I don't think this solution is optimal, but it's very easy to understand and use, you sort the elements in decreasing order, then you take each element and try to fit it in your number. If you have the sequence [5,6,2,7] and you need to make the 15 number, you'll reorder the sequence [7,6,5,2] and take 7, then you need to extract 8 so you'll take 6, then you'll need 2 more, check 5 but it's too big and you'll skip it and check the last number, 2, which it's perfect and finishes your number. So you'd print out 3. This is the worst case of the algorithm which is O(n). But in your example with 12, it'll be O(1), because you'll pick 12 from the first checkup of the ordered sequence. (running time applies only for the program of choosing items, not sorting)

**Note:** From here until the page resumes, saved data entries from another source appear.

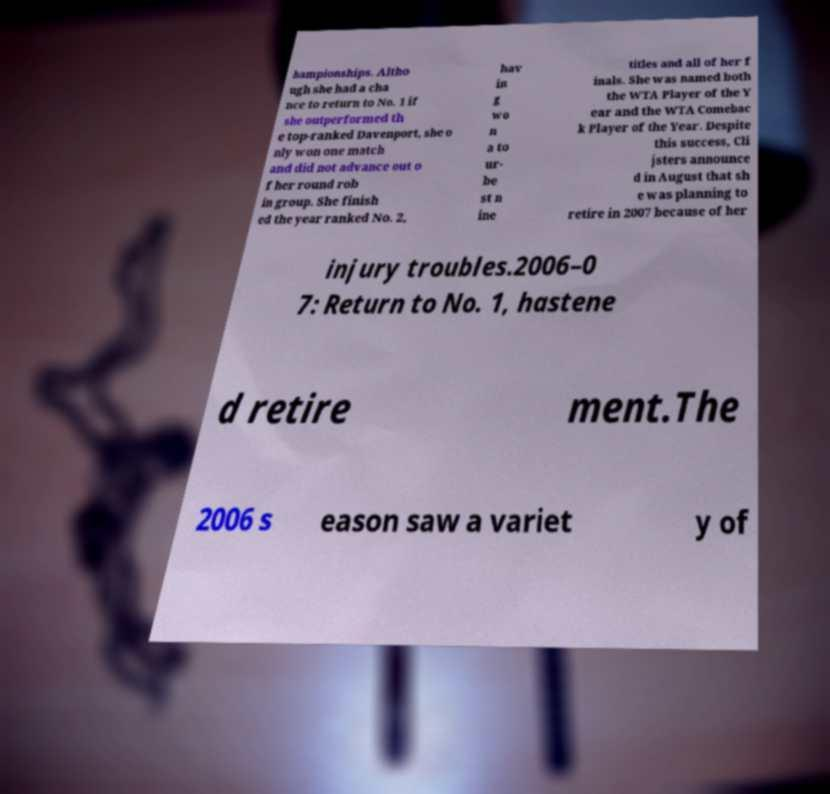Please read and relay the text visible in this image. What does it say? hampionships. Altho ugh she had a cha nce to return to No. 1 if she outperformed th e top-ranked Davenport, she o nly won one match and did not advance out o f her round rob in group. She finish ed the year ranked No. 2, hav in g wo n a to ur- be st n ine titles and all of her f inals. She was named both the WTA Player of the Y ear and the WTA Comebac k Player of the Year. Despite this success, Cli jsters announce d in August that sh e was planning to retire in 2007 because of her injury troubles.2006–0 7: Return to No. 1, hastene d retire ment.The 2006 s eason saw a variet y of 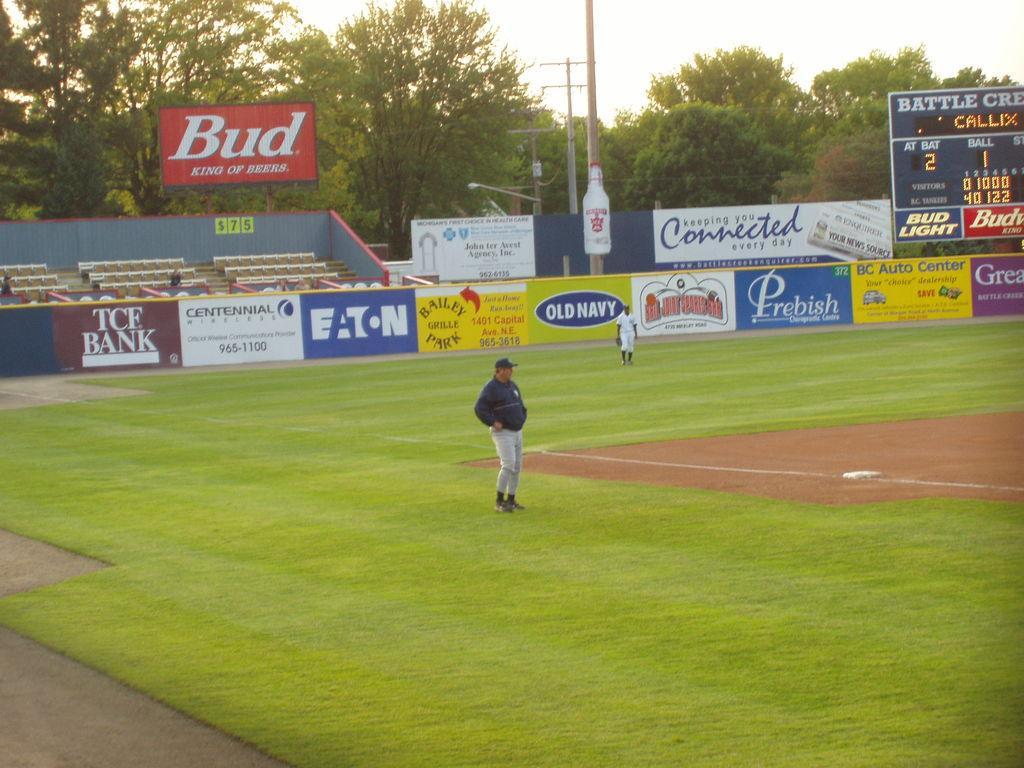Can you describe this image briefly? In the image we can see two people standing, wearing clothes and shoes, and one man is wearing a cap. Here we can see the grass, posters and text on the poster. We can even see there are chairs, electric poles and trees. We can see there are even other people wearing clothes. Here we can see the scoreboard and the sky. 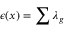Convert formula to latex. <formula><loc_0><loc_0><loc_500><loc_500>\epsilon ( x ) = \sum \lambda _ { g }</formula>

resolve_sum(ordered_items[], number) {
count = 0;
aux = number;
i = 0;
while (aux - ordered_items[i] <= 0) {
count = count + 1;
aux = aux - ordered_items[i];
i = i + 1;
}
if (aux == 0) return count;
else return -1;
}
I haven't included an algorithm for sorting, you can choose one that you know best or try to learn a new efiecient one. Link with sorting algorithms and their running time. This is just a sample code you can use in C/C++ or Java or what you need. I hope it isn't way too much brute force.